Can you help me please?
I'll answer the questions first and proceed to my explanations after.
The integral term tells you how much work you perform on the system. In principle, if there are no losses of any sort, then this is precisely equal to the change in the system's energy. Of course, energy is relative. You can always view $E(0)$ has being no energy stored and then you could view that integral as the amount of energy the system stores over that period.
Briefly, the integral tells you exactly how much energy you've put into the system. If the constraint $$V(t) - V(0) \leq \int_{0}^{t} u(s) y(s)\,ds$$ is satisfied, it is telling you that the system is not going to magically increase in energy greater than the amount you are applying. That is, you can strictly bound the growth of the system's energy using your input and, in particular, force it to decrease if you like!
It helps to consider a physical example. Consider the position of a particle $x(t) \in \mathbb{R}^3$ with mass $M$ and velocity $v(t) \in \mathbb{R}^3.$ We will take the output of the system to be $y(t):= v(t).$ The energy of the cart (there is no potential energy here) is $$E(t) = \frac{1}{2} M v(t)\cdot v(t) = \frac{1}{2} M y(t)\cdot y(t).$$ Suppose we could apply an input force $u(t) \in \mathbb{R}^3.$
In this case, with no potential energy, we know that the work is the change in kinetic energy. The work induced by the applied force $u(t)$ is the integral of the applied force inner producted with the velocity. That is, $$W(t) = \int_{0}^{t} u(t) \cdot v(t)\,dt = \int_{0}^{t} u(t) \cdot y(t)\,dt.$$ As discussed, we have that the change in kinetic energy is the work (because of a lack of potential energy) so we get the relation $$E(t) - E(0) = W(t) = \int_{0}^{t} u(t) \cdot y(t)\,dt.$$
The kinetic energy is energy the object we wish to control has (the particle) that is "stored" in the sense that the system has energy it can lose. What happens if there is friction or some other force that "steals" energy from the system? We must have $$E(t) - E(0) \leq W(t) = \int_{0}^{t} u(t) \cdot y(t)\,dt.$$
Why? Suppose we did positive work $W(t) > 0$ over this period. This would be equivalent to adding energy into the system, such as adding force in the direction of motion making the particle move faster. If it was the case that $E(t) - E(0) < W(t)$ then somehow, although we added some $W(t)$ amount of energy, we don't see it in $E(t),$ implying some was stolen through losses. You can see a similar argument in the case $W(t) < 0.$
Of course, if you do satisfy the equality (as in the above example), you of course don't have any internal losses but it still is a useful property for a system to have. It implies that you can essentially determine how much the energy the system gains or loses by your input $u(t).$
Back to your example, the question you must ask yourself --- if you seek the intuition --- is what is the work in a circuit?
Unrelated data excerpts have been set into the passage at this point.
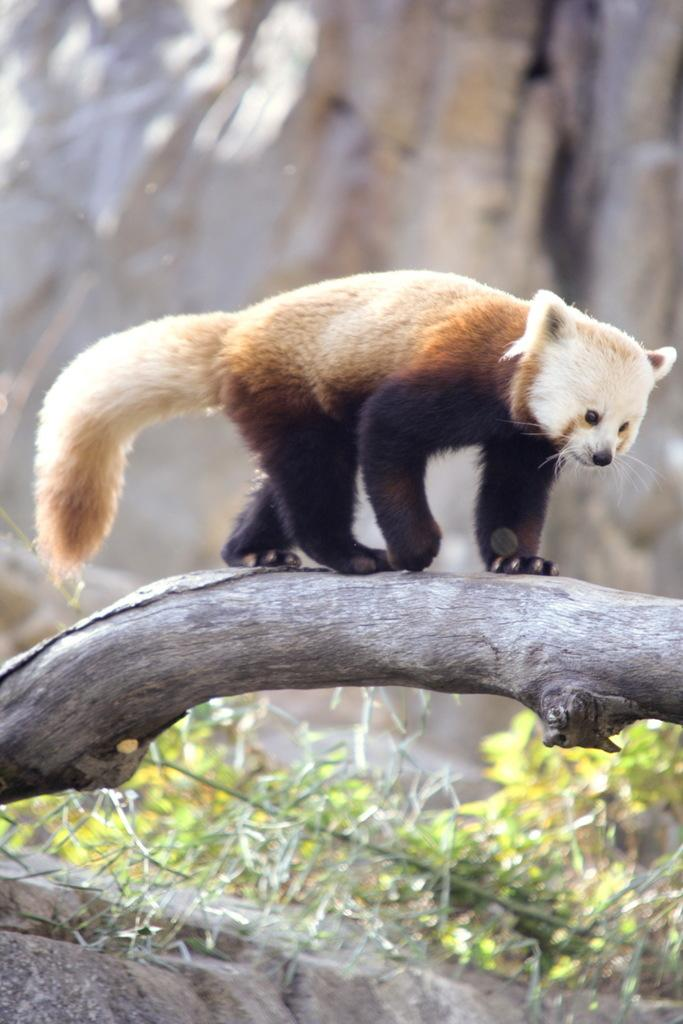What type of animal is in the image? The type of animal cannot be determined from the provided facts. What is the animal doing in the image? The animal is walking on a wooden object. How would you describe the background of the image? The background of the image is blurred. Are there any plants visible in the image? Yes, there are plants in the image. What type of music is being played in the background of the image? There is no information about music being played in the image. How much grain is visible in the image? There is no mention of grain in the image. 
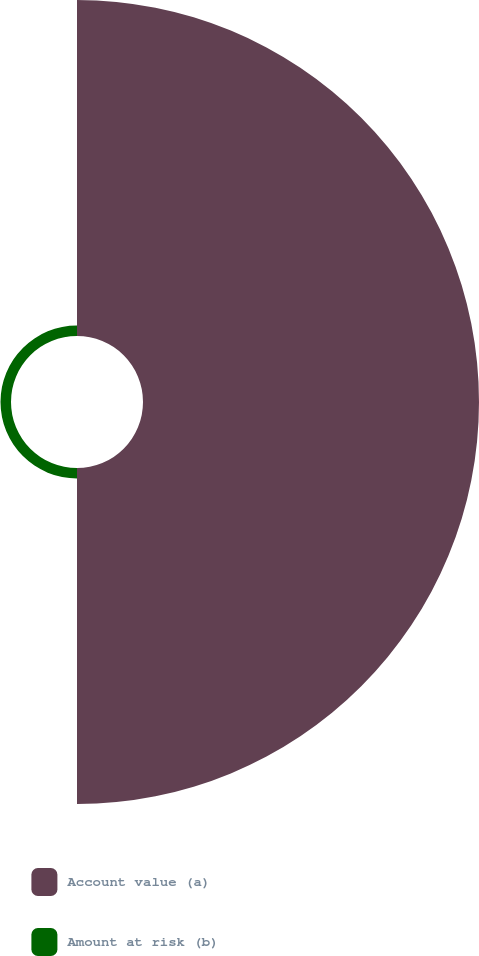Convert chart. <chart><loc_0><loc_0><loc_500><loc_500><pie_chart><fcel>Account value (a)<fcel>Amount at risk (b)<nl><fcel>96.97%<fcel>3.03%<nl></chart> 
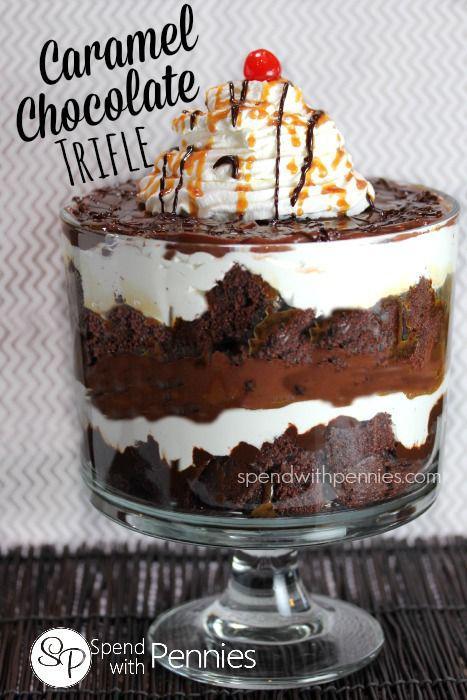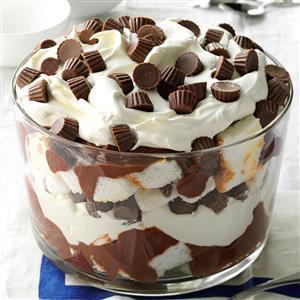The first image is the image on the left, the second image is the image on the right. Considering the images on both sides, is "Two large trifle desserts are made in clear bowls with chocolate and creamy layers, ending with garnished creamy topping." valid? Answer yes or no. Yes. 
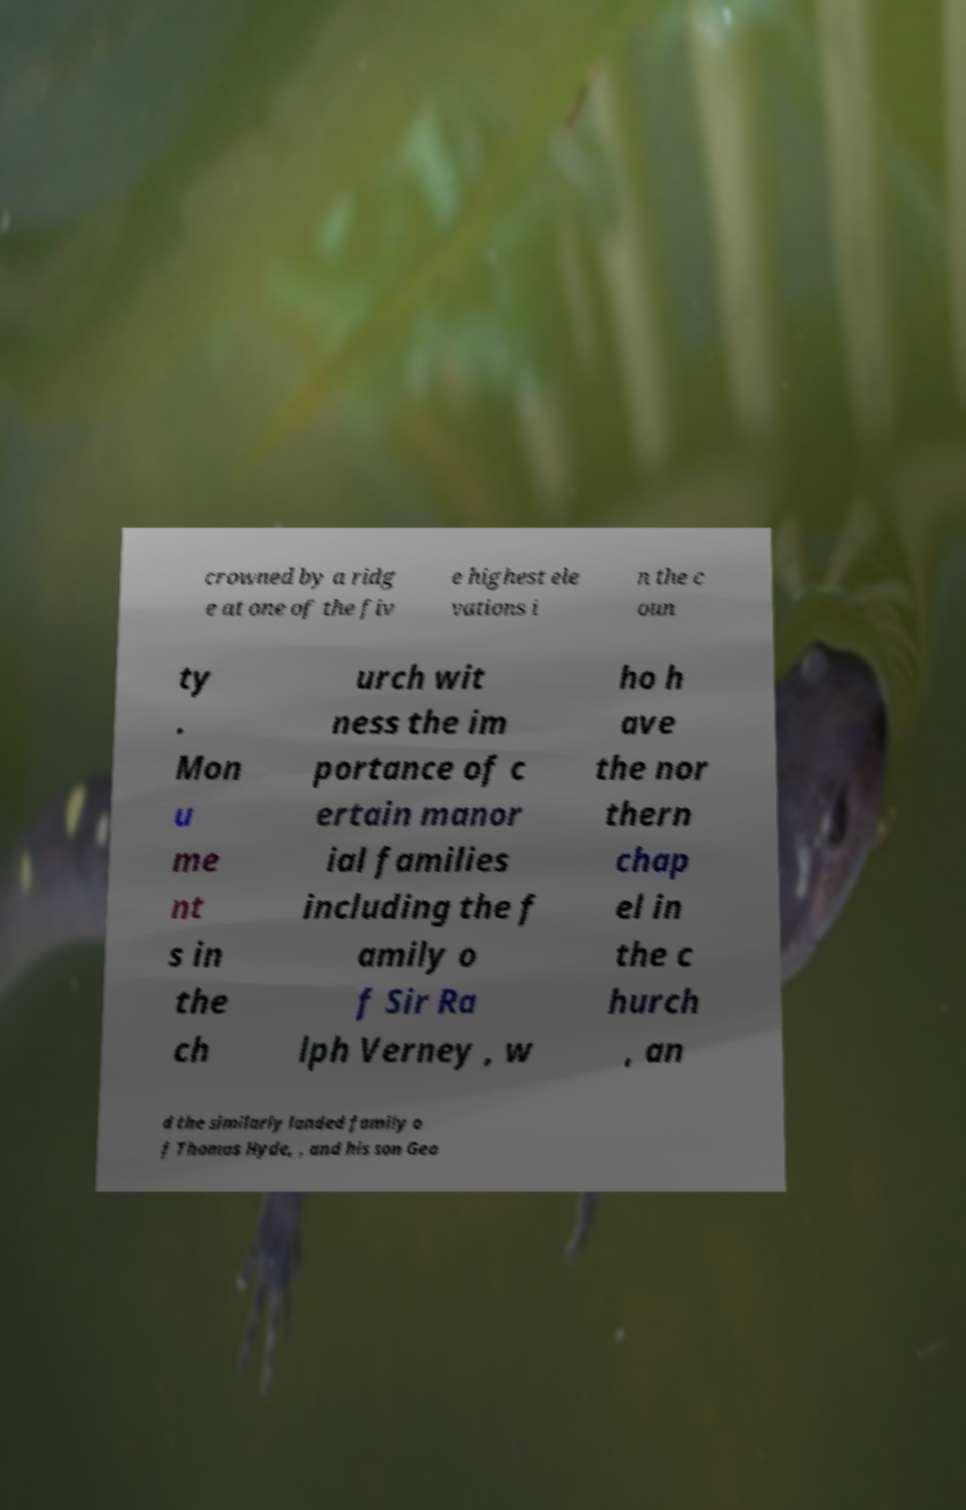Can you read and provide the text displayed in the image?This photo seems to have some interesting text. Can you extract and type it out for me? crowned by a ridg e at one of the fiv e highest ele vations i n the c oun ty . Mon u me nt s in the ch urch wit ness the im portance of c ertain manor ial families including the f amily o f Sir Ra lph Verney , w ho h ave the nor thern chap el in the c hurch , an d the similarly landed family o f Thomas Hyde, , and his son Geo 
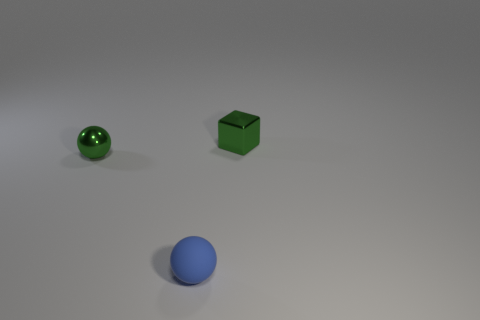What size is the green object to the right of the tiny blue matte thing?
Offer a terse response. Small. There is a object that is left of the green shiny cube and on the right side of the small green metal ball; what shape is it?
Provide a short and direct response. Sphere. The other object that is the same shape as the blue matte object is what size?
Provide a short and direct response. Small. What number of big red balls have the same material as the green sphere?
Ensure brevity in your answer.  0. There is a rubber ball; is its color the same as the tiny ball to the left of the blue ball?
Provide a succinct answer. No. Are there more blue matte objects than large gray shiny blocks?
Offer a very short reply. Yes. The tiny block is what color?
Keep it short and to the point. Green. Does the thing that is to the left of the tiny rubber object have the same color as the tiny rubber sphere?
Give a very brief answer. No. There is a tiny ball that is the same color as the metallic cube; what is it made of?
Your answer should be very brief. Metal. How many other metal blocks are the same color as the block?
Make the answer very short. 0. 
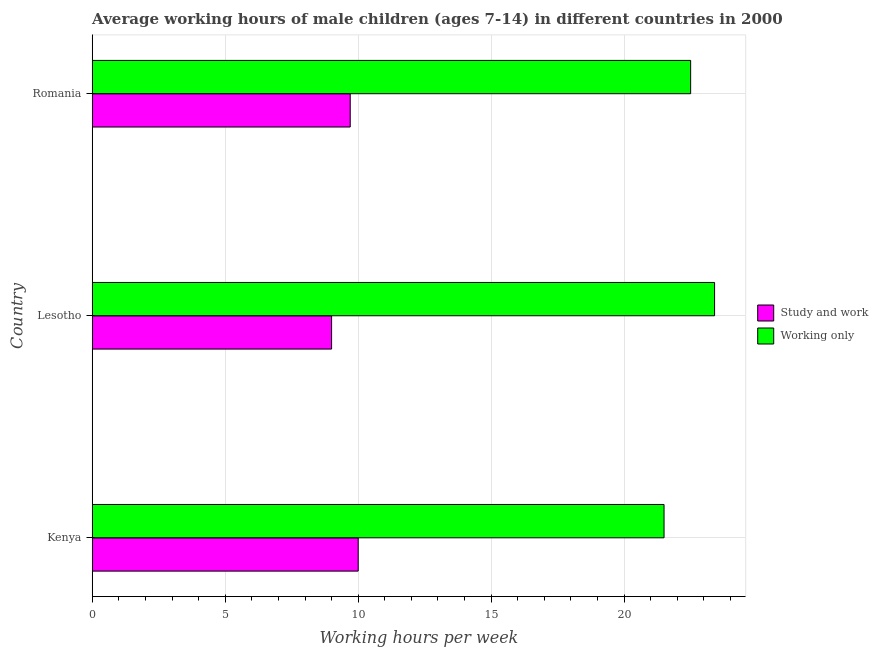How many different coloured bars are there?
Offer a terse response. 2. How many groups of bars are there?
Your response must be concise. 3. How many bars are there on the 3rd tick from the bottom?
Offer a very short reply. 2. What is the label of the 2nd group of bars from the top?
Provide a succinct answer. Lesotho. In how many cases, is the number of bars for a given country not equal to the number of legend labels?
Your response must be concise. 0. Across all countries, what is the maximum average working hour of children involved in study and work?
Your answer should be compact. 10. In which country was the average working hour of children involved in study and work maximum?
Offer a very short reply. Kenya. In which country was the average working hour of children involved in only work minimum?
Give a very brief answer. Kenya. What is the total average working hour of children involved in study and work in the graph?
Provide a succinct answer. 28.7. What is the difference between the average working hour of children involved in only work in Romania and the average working hour of children involved in study and work in Lesotho?
Ensure brevity in your answer.  13.5. What is the average average working hour of children involved in study and work per country?
Your answer should be compact. 9.57. In how many countries, is the average working hour of children involved in only work greater than 13 hours?
Give a very brief answer. 3. What is the ratio of the average working hour of children involved in only work in Kenya to that in Lesotho?
Make the answer very short. 0.92. Is the difference between the average working hour of children involved in study and work in Kenya and Romania greater than the difference between the average working hour of children involved in only work in Kenya and Romania?
Offer a very short reply. Yes. What is the difference between the highest and the second highest average working hour of children involved in only work?
Offer a terse response. 0.9. In how many countries, is the average working hour of children involved in study and work greater than the average average working hour of children involved in study and work taken over all countries?
Give a very brief answer. 2. Is the sum of the average working hour of children involved in study and work in Lesotho and Romania greater than the maximum average working hour of children involved in only work across all countries?
Offer a very short reply. No. What does the 1st bar from the top in Lesotho represents?
Offer a very short reply. Working only. What does the 2nd bar from the bottom in Romania represents?
Your answer should be compact. Working only. How many bars are there?
Give a very brief answer. 6. How many countries are there in the graph?
Offer a very short reply. 3. Are the values on the major ticks of X-axis written in scientific E-notation?
Your answer should be very brief. No. How are the legend labels stacked?
Your answer should be very brief. Vertical. What is the title of the graph?
Provide a short and direct response. Average working hours of male children (ages 7-14) in different countries in 2000. What is the label or title of the X-axis?
Provide a succinct answer. Working hours per week. What is the Working hours per week of Study and work in Kenya?
Ensure brevity in your answer.  10. What is the Working hours per week in Working only in Kenya?
Give a very brief answer. 21.5. What is the Working hours per week in Study and work in Lesotho?
Keep it short and to the point. 9. What is the Working hours per week of Working only in Lesotho?
Offer a very short reply. 23.4. What is the Working hours per week in Working only in Romania?
Provide a succinct answer. 22.5. Across all countries, what is the maximum Working hours per week of Working only?
Provide a succinct answer. 23.4. Across all countries, what is the minimum Working hours per week in Study and work?
Keep it short and to the point. 9. What is the total Working hours per week in Study and work in the graph?
Keep it short and to the point. 28.7. What is the total Working hours per week of Working only in the graph?
Your answer should be very brief. 67.4. What is the difference between the Working hours per week of Study and work in Kenya and that in Romania?
Keep it short and to the point. 0.3. What is the difference between the Working hours per week of Study and work in Lesotho and that in Romania?
Your response must be concise. -0.7. What is the difference between the Working hours per week in Working only in Lesotho and that in Romania?
Your response must be concise. 0.9. What is the difference between the Working hours per week of Study and work in Kenya and the Working hours per week of Working only in Lesotho?
Provide a short and direct response. -13.4. What is the difference between the Working hours per week in Study and work in Lesotho and the Working hours per week in Working only in Romania?
Keep it short and to the point. -13.5. What is the average Working hours per week of Study and work per country?
Offer a terse response. 9.57. What is the average Working hours per week in Working only per country?
Ensure brevity in your answer.  22.47. What is the difference between the Working hours per week of Study and work and Working hours per week of Working only in Lesotho?
Your response must be concise. -14.4. What is the ratio of the Working hours per week in Study and work in Kenya to that in Lesotho?
Your response must be concise. 1.11. What is the ratio of the Working hours per week of Working only in Kenya to that in Lesotho?
Your response must be concise. 0.92. What is the ratio of the Working hours per week in Study and work in Kenya to that in Romania?
Offer a terse response. 1.03. What is the ratio of the Working hours per week of Working only in Kenya to that in Romania?
Keep it short and to the point. 0.96. What is the ratio of the Working hours per week in Study and work in Lesotho to that in Romania?
Offer a terse response. 0.93. What is the ratio of the Working hours per week of Working only in Lesotho to that in Romania?
Give a very brief answer. 1.04. What is the difference between the highest and the second highest Working hours per week of Working only?
Ensure brevity in your answer.  0.9. What is the difference between the highest and the lowest Working hours per week in Working only?
Provide a short and direct response. 1.9. 
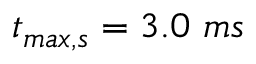Convert formula to latex. <formula><loc_0><loc_0><loc_500><loc_500>t _ { \max , s } = 3 . 0 m s</formula> 
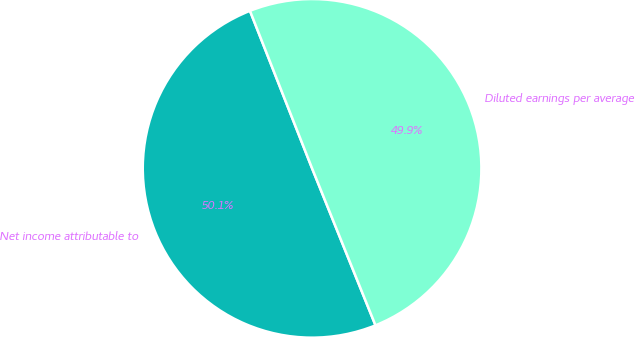Convert chart. <chart><loc_0><loc_0><loc_500><loc_500><pie_chart><fcel>Net income attributable to<fcel>Diluted earnings per average<nl><fcel>50.13%<fcel>49.87%<nl></chart> 
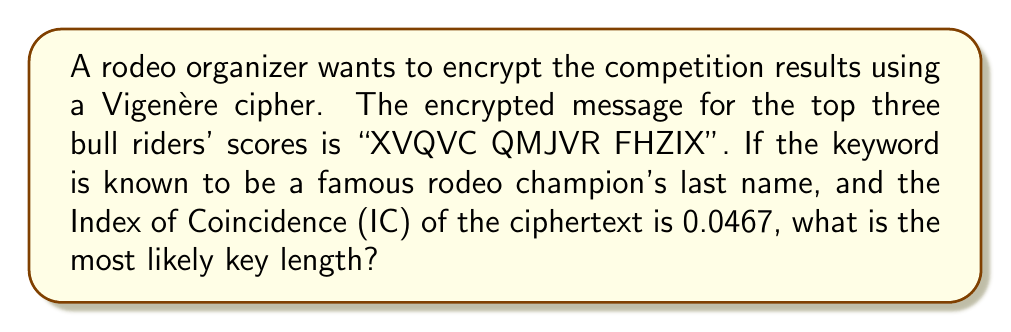Can you solve this math problem? To determine the most likely key length for a Vigenère cipher, we can use the Index of Coincidence (IC). The steps are as follows:

1. The given IC of the ciphertext is 0.0467.

2. For English plaintext, the expected IC is approximately 0.0667.

3. For a Vigenère cipher with key length $L$, the expected IC is:

   $$ IC_{expected} = \frac{0.0667}{L} + \frac{L-1}{L} \cdot 0.0385 $$

   where 0.0385 is the IC for a random text.

4. We can set up an equation:

   $$ 0.0467 = \frac{0.0667}{L} + \frac{L-1}{L} \cdot 0.0385 $$

5. Solving for $L$:

   $$ 0.0467L = 0.0667 + 0.0385L - 0.0385 $$
   $$ 0.0082L = 0.0282 $$
   $$ L = \frac{0.0282}{0.0082} \approx 3.44 $$

6. Since the key length must be an integer, we round to the nearest whole number.

7. The most likely key length is 3, which is consistent with using a famous rodeo champion's last name as the keyword (e.g., "Tuf" for Tuf Cooper).
Answer: 3 
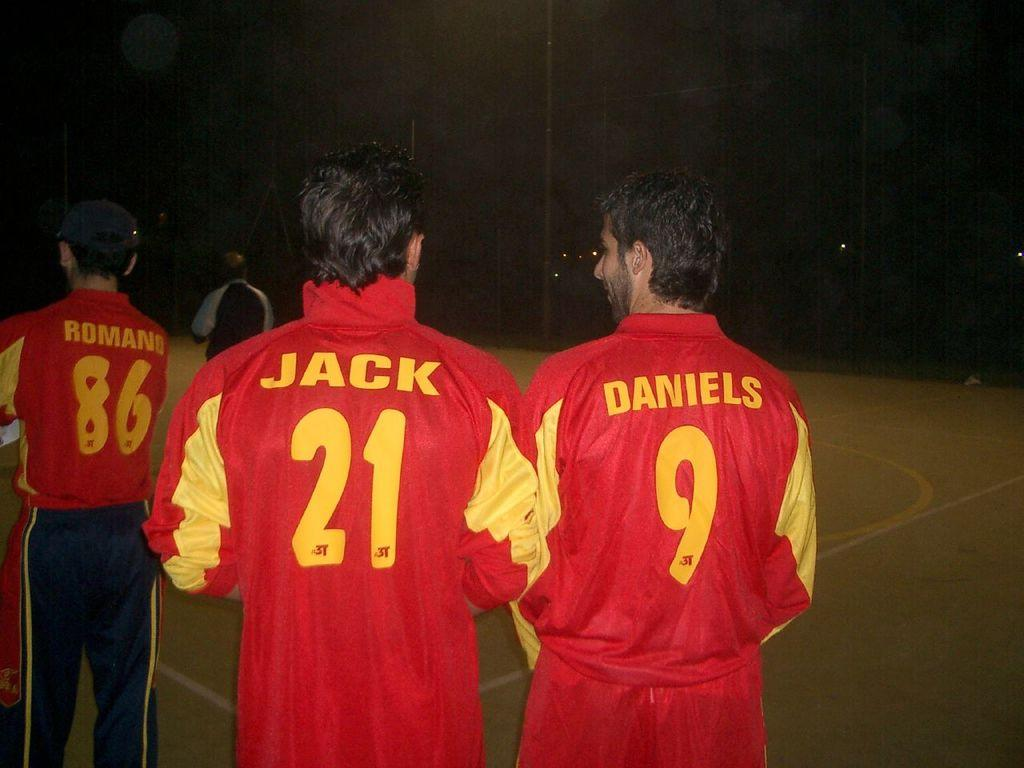<image>
Offer a succinct explanation of the picture presented. Two men are wearing matching red sport jackets that sayd "jack" on one and "daniels" on the other. 
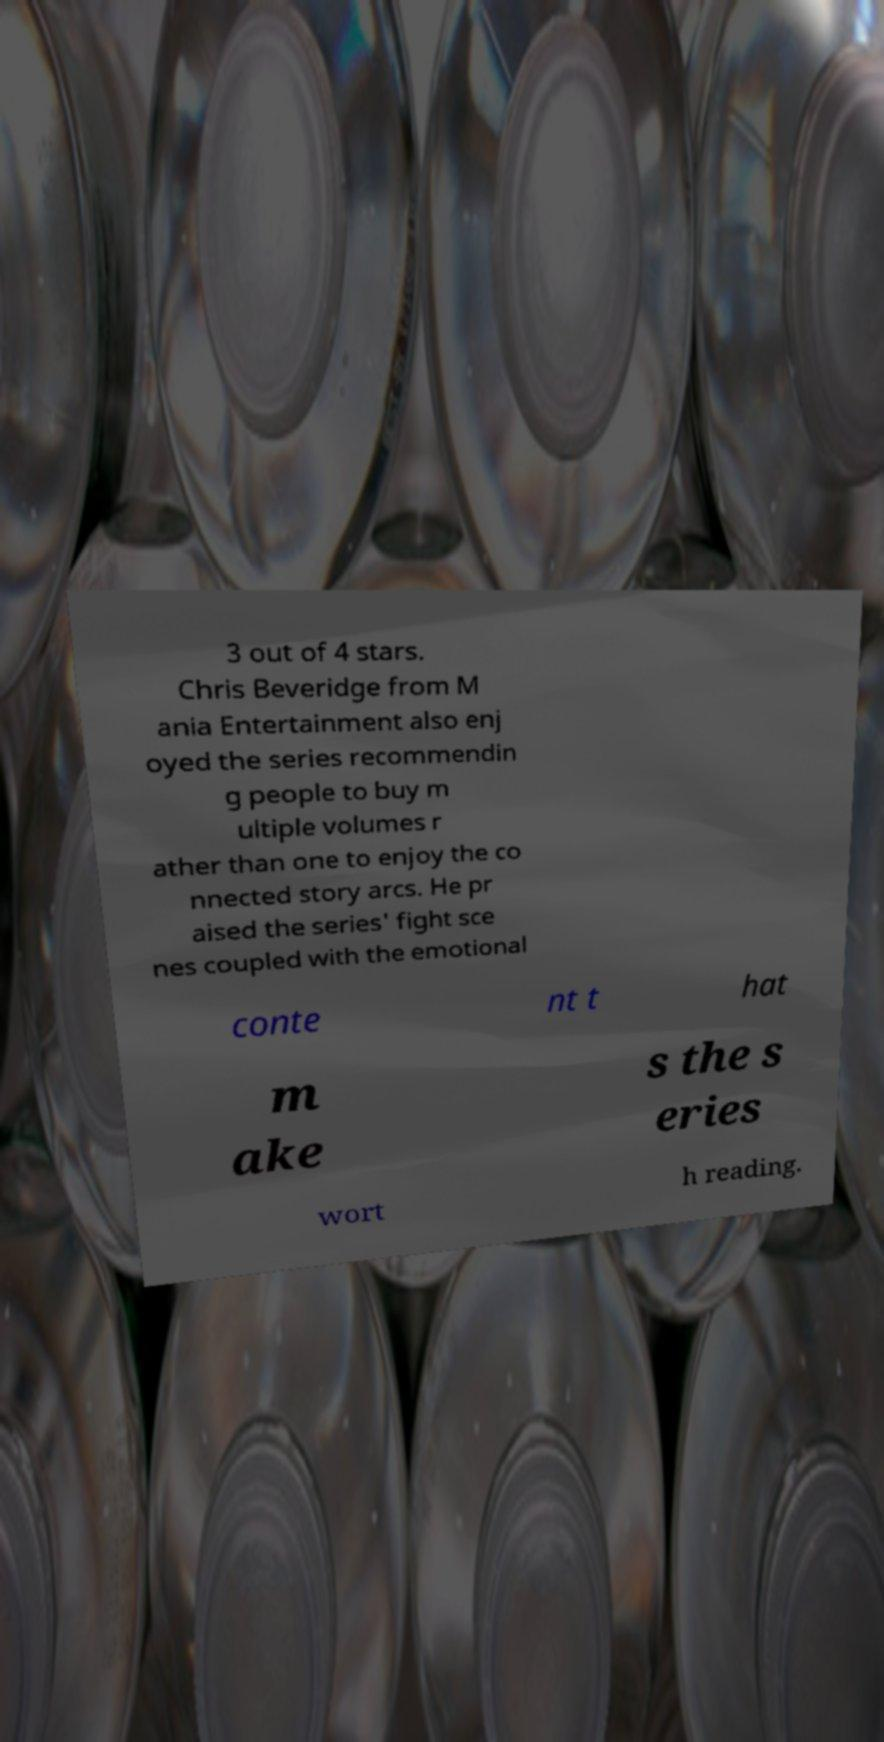Could you extract and type out the text from this image? 3 out of 4 stars. Chris Beveridge from M ania Entertainment also enj oyed the series recommendin g people to buy m ultiple volumes r ather than one to enjoy the co nnected story arcs. He pr aised the series' fight sce nes coupled with the emotional conte nt t hat m ake s the s eries wort h reading.

We have that power $P(t)$ is the derivative of the work, $$P(t) = \frac{dW}{dt}(t).$$ We know the instantaneous power of an ideal linear circuit is $$P(t) = I(t) V(t)$$ where $I(t)$ and $V(t)$ are the instantaneous current and voltage respectively measured from the single input to the single output. Solve for $W(t),$ $$W(t) = \int_{0}^{t} I(t) V(t)\,dt = \int_{0}^{t} u(t) y(t)\,dt$$ and we have that the change in energy, the work, is the integral in question!
Hope this helps.